Task material
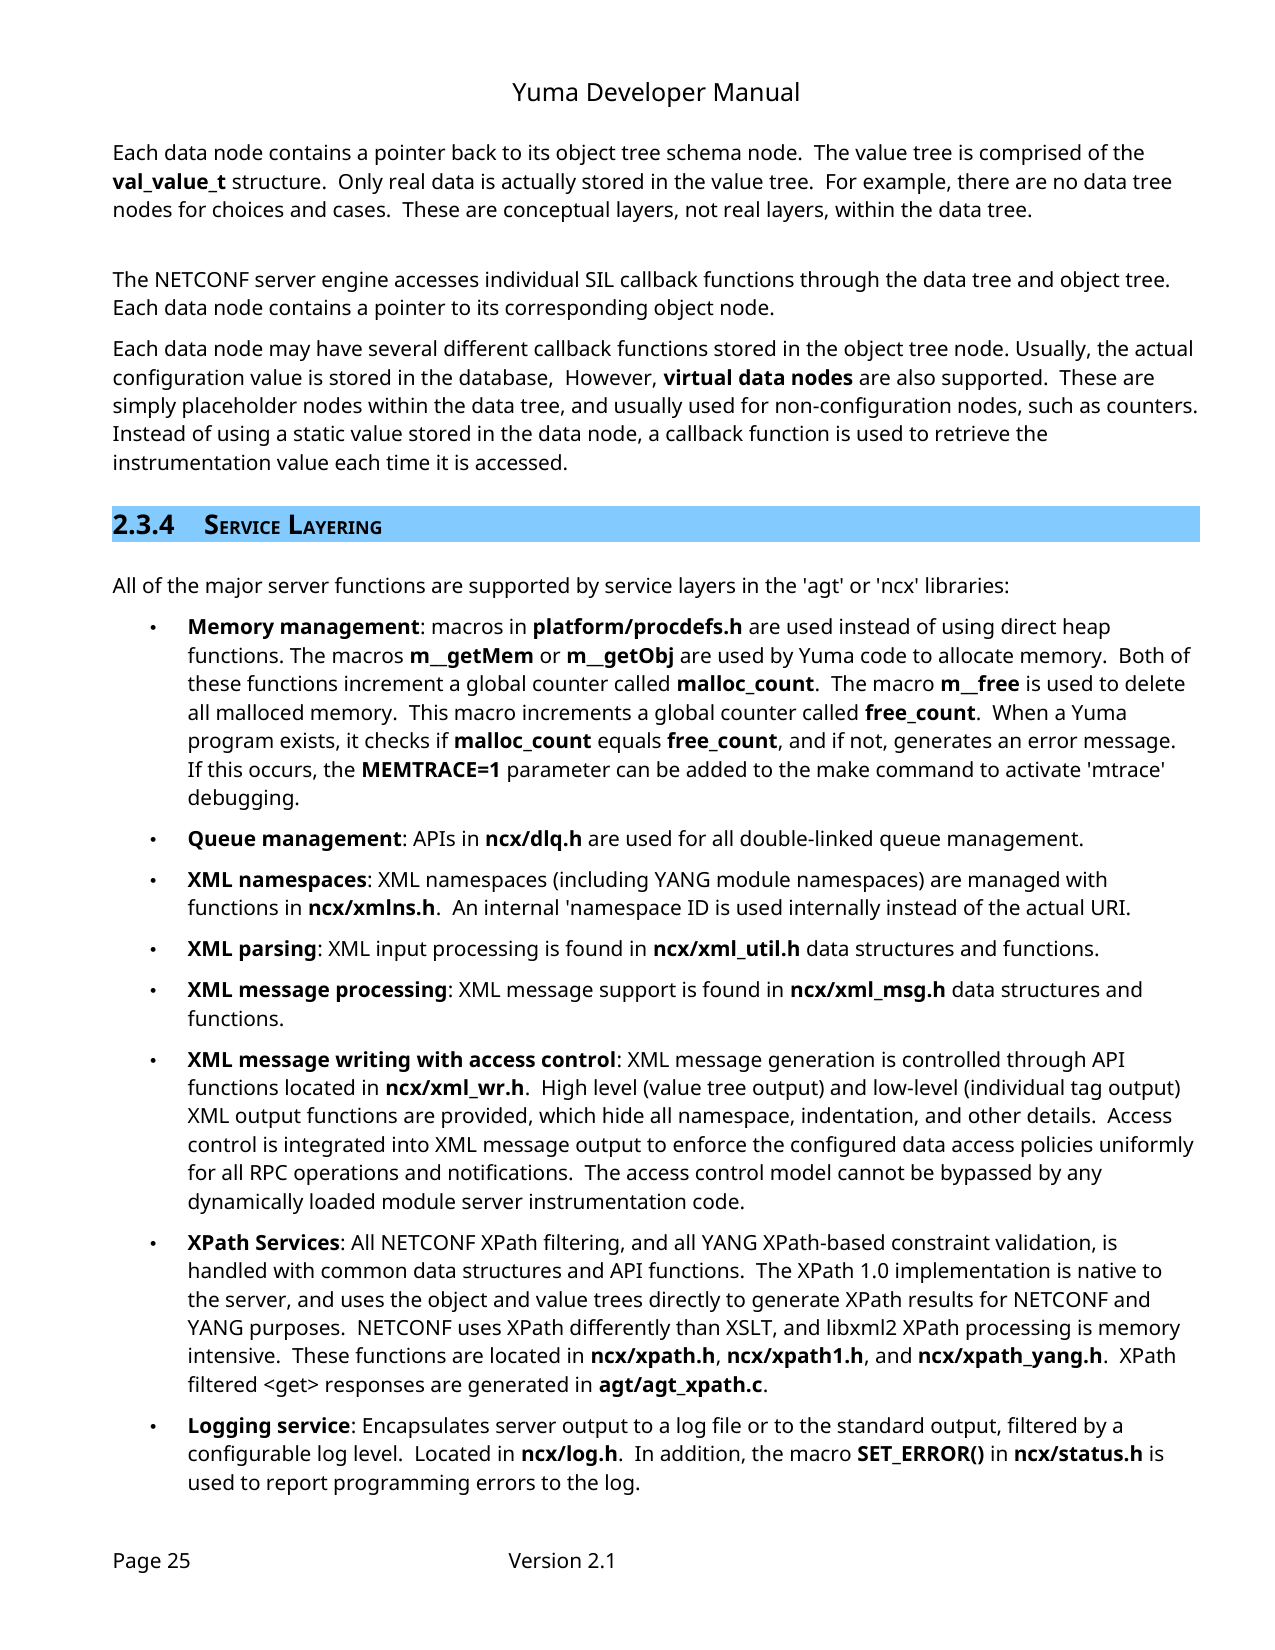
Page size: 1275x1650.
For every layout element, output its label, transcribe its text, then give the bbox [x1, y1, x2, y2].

==

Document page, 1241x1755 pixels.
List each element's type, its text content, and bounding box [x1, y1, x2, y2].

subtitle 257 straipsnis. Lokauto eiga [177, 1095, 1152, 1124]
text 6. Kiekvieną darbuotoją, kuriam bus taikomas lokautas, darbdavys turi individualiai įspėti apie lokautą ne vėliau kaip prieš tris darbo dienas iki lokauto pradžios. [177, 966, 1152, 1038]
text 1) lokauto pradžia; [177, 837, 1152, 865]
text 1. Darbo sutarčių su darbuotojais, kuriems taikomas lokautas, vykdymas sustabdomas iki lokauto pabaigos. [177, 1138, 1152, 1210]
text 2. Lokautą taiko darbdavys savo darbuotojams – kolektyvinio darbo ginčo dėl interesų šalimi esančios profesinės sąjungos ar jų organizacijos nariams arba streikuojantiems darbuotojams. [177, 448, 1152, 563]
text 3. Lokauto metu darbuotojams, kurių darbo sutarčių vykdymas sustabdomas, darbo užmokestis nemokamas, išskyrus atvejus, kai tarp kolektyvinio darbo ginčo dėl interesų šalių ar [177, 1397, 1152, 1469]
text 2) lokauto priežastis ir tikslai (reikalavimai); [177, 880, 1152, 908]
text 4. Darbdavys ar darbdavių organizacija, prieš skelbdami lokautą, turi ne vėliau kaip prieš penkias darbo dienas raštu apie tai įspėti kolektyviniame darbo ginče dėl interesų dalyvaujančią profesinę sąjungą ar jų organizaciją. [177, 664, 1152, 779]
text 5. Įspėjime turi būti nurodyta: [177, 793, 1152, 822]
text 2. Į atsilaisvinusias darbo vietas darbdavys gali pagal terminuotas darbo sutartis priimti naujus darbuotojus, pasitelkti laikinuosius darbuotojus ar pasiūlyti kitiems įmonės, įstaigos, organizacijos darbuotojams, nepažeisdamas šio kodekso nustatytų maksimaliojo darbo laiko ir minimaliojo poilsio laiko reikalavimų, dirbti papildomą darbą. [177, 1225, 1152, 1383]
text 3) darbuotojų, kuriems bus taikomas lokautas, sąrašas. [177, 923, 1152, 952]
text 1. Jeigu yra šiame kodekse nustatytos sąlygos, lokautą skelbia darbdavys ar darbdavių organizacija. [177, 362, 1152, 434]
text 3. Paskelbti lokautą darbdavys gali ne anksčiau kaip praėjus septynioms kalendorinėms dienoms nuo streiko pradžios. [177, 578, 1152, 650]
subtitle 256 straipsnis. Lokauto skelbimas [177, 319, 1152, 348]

Task to complete
Reproduce exactly the stretch of the material above that starts at the line with "Page size: 1275x1650." and ends at the line with "For every layout", both included, and nothing else.

Exercise output
Page size: 1275x1650.
For every layout element, output its label, transcribe its text, then give the bbox [x1, y1, x2, y2].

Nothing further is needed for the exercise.